[Opening Task input section]
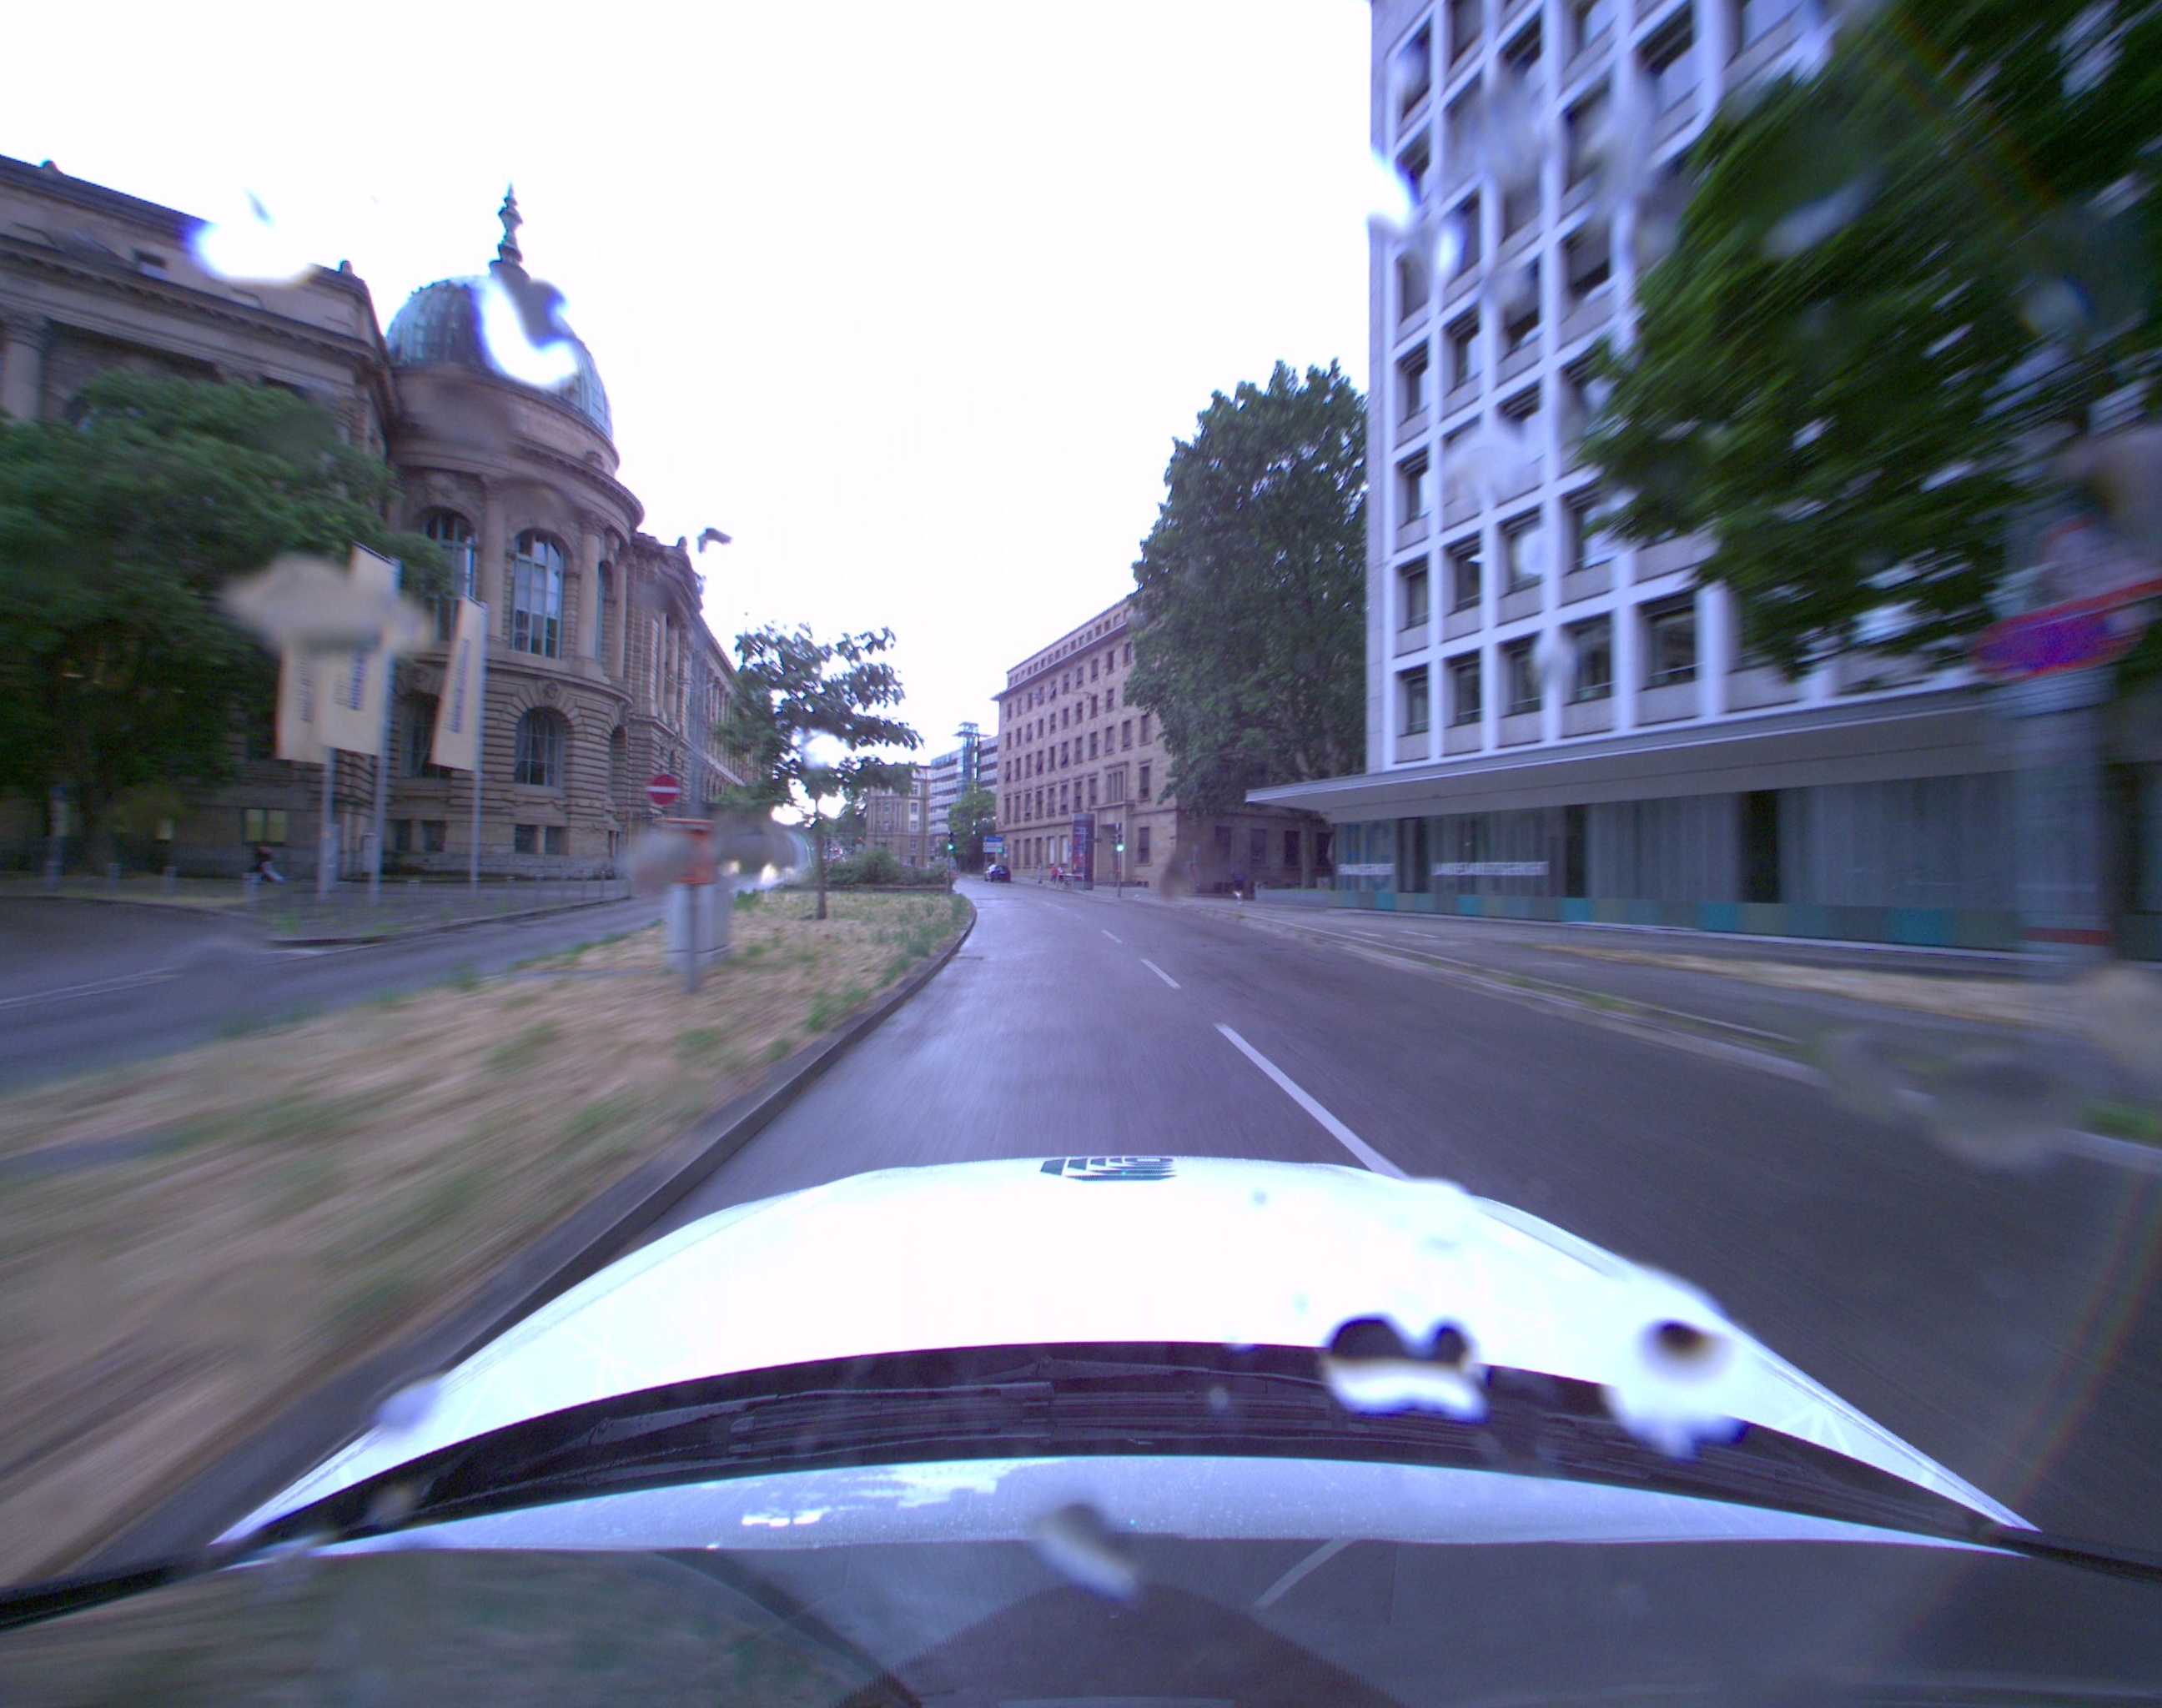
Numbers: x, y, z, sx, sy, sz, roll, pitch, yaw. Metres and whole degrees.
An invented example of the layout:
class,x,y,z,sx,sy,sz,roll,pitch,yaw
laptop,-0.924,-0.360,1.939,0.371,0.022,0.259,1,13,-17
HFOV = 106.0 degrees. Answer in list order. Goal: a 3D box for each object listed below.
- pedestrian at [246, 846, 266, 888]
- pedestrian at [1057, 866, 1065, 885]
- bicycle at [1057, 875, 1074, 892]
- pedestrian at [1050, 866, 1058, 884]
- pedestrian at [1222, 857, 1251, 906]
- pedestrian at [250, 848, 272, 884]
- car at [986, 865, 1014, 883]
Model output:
class,x,y,z,sx,sy,sz,roll,pitch,yaw
pedestrian,-30.266,0.475,29.884,0.388,1.529,0.437,2,-2,-34
pedestrian,-1.680,1.837,68.867,0.524,1.603,0.671,2,-2,-10
bicycle,-0.955,1.778,49.108,0.490,1.012,1.916,2,-2,-18
pedestrian,-2.269,1.744,68.574,0.525,1.492,0.670,2,-2,-15
pedestrian,5.758,1.001,30.242,0.779,1.772,0.860,1,-1,-10
pedestrian,-30.717,0.439,30.512,0.443,1.345,0.637,2,-1,-34
car,-7.573,1.883,75.983,1.773,1.619,4.132,2,-2,-18
[Closing Task input section]
→ **What to produce**:
Using the records above, find and show each line with the string "degrees".

→ **Written reply**:
Numbers: x, y, z, sx, sy, sz, roll, pitch, yaw. Metres and whole degrees.
HFOV = 106.0 degrees. Answer in list order. Goal: a 3D box for each object listed below.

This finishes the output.